In polymer materials research, the Institute of Statistical Mathematics has initiated the RadonPy project to fully automate computational experiments for polymers, joining forces with two national research institutes, eight universities, and 37 companies to create a world-class polymer property database. The research group has also established a fully automated system for quantum chemical calculations, which comprehensively evaluates the compatibility between polymer materials and solvent molecules.
Research Outcomes and Findings
In this study, the researchers demonstrated that a scaling law for Sim2Real transfer learning is applicable across diverse tasks in materials research. Previous theoretical predictions regarding the existence of scaling laws in transfer learning were empirically validated in computer vision fields. The results indicate that as the size of the computational database increases, the prediction performance of fine-tuned models improves monotonically, adhering to a power-law distribution.
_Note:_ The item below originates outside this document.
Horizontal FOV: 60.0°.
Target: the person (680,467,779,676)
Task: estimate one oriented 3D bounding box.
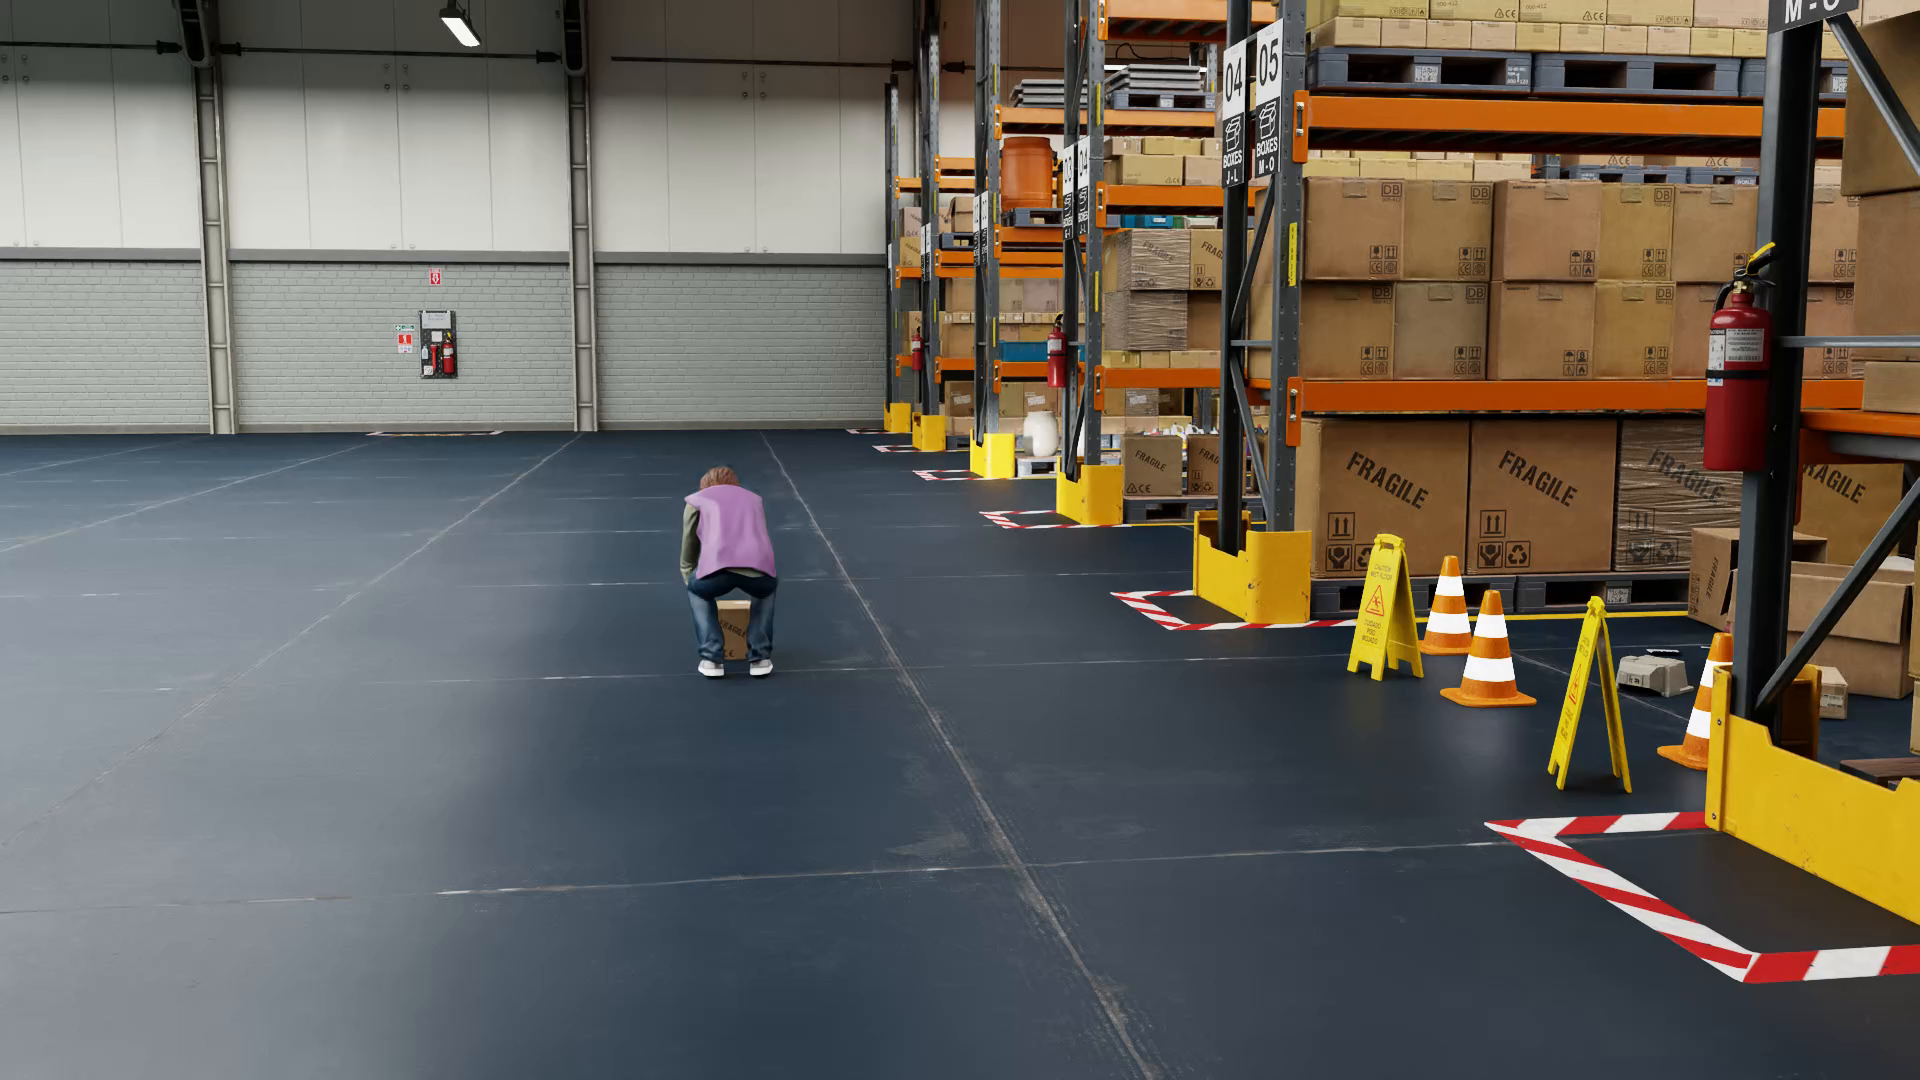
[{"bbox_3d":[-1.063,0.146,7.659,0.448,0.928,0.788,-1,7,-9],"label":"person"}]

The scaling intensity serves as a quantifiable metric for assessing the future value of databases. Furthermore, analyzing the scaling behavior helps estimate the required amount of data to achieve target performance and the attainable limits. This insight is anticipated to enhance strategic planning for the development of data platforms and streamline data production protocols in material development projects.
Future Developments
A pivotal milestone in data-driven materials research is the establishment of scalable transfer learning data production protocols and analytical workflows. Many domains within material development struggle to accumulate sufficient data necessary for data-driven research. This issue becomes more pronounced as research edges closer to advanced levels. Adopting an approach that selects sources capable of producing massive data, such as computational experiments, and utilizing machine learning to bridge the gap between source and target domains becomes essential.
In conclusion, the discoveries from this research pave the way for the RadonPy project's ongoing data production and improvements in the predictive capabilities of transfer models for downstream tasks. Continuous development of computational databases and optimization of resource distribution in experiments will ensure the sustained evolution of data-driven materials research.